Books, pt. 2
Checking in with my monthly reading update.
Three points I want to make today.
In the Heart of the Sea, by Nathaniel Philbrick
I loved reading this book. It’s not that long, only about 240 pages of narrative, and Philbrick is a fantastic writer, so it feels much shorter than the 93 starving days the survivors spent in their whale boats. The big things that stuck out to me about this were first, an excellent case study in leadership - the book fairly and deftly compares Captain Pollard and his first mate Owen Chase’s personality and the effects those personalities have on their voyage.

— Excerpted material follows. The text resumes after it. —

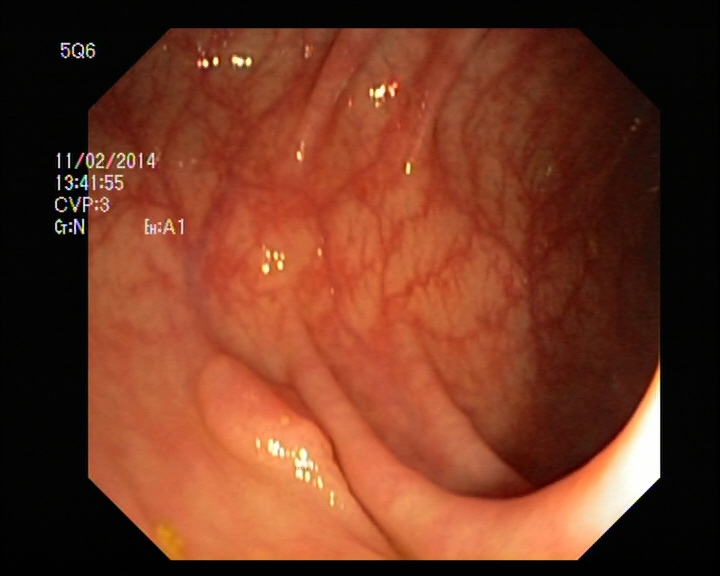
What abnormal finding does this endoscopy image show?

colon polyp

Second, most surprisingly, having just finished reading Friday Night Lights by Buzz Bissinger last month, I was struck by the similarities of Nantucket and Odessa in terms of their place in American Identity and history. The two, distant, religiously unique, outposts; the centrality of the global oil market, the warrior identity that the they drew strength from that is also their undoing. All of these themes - to say nothing of their troubled racial histories - were fresh to me when reading it.
Overall, I just enjoyed reading this. When books are great, they transport us and this book reaches that level of transport.
Harry Potter and the Order of the Phoenix, by J.K. Rowling
I’m still working my way through this. it’s 870 pages, which is around the page count of most translations of The Brothers’ Karamozov. Suffice it to say, this is an easier read, but not by much. Goblet got dark toward the end - this is book is disturbing pretty much every chapter. I’m enjoying it. I’m working my way through the Potter series and I’ll probably start the last two books in January.
the Anti-Library
The anti library isn’t a book, but rather a simple idea. The idea is that for every book you read, that is you add to your personal Library, you should add a book to your anti-library, a collection of books you haven’t read yet.
I like this idea because one, it answers the hardest question in reading: what to read next. I also like it because it keeps you humble. You know that what you know, and what you know you don’t know is very small when compared to what you don’t know that you don’t know. If that was confusing, sorry.
I mean to say, it’s a way of recognizing that the vastness of human experience and wisdom is not something we can reduce down to a list of books to be consumed. This is a temptation of anyone who begins reading - the idea that you can absorb, fully and without bias - all there is. There’s too much to take in, more to find than can ever be found, and I like the idea that I remind myself everytime I finish a book.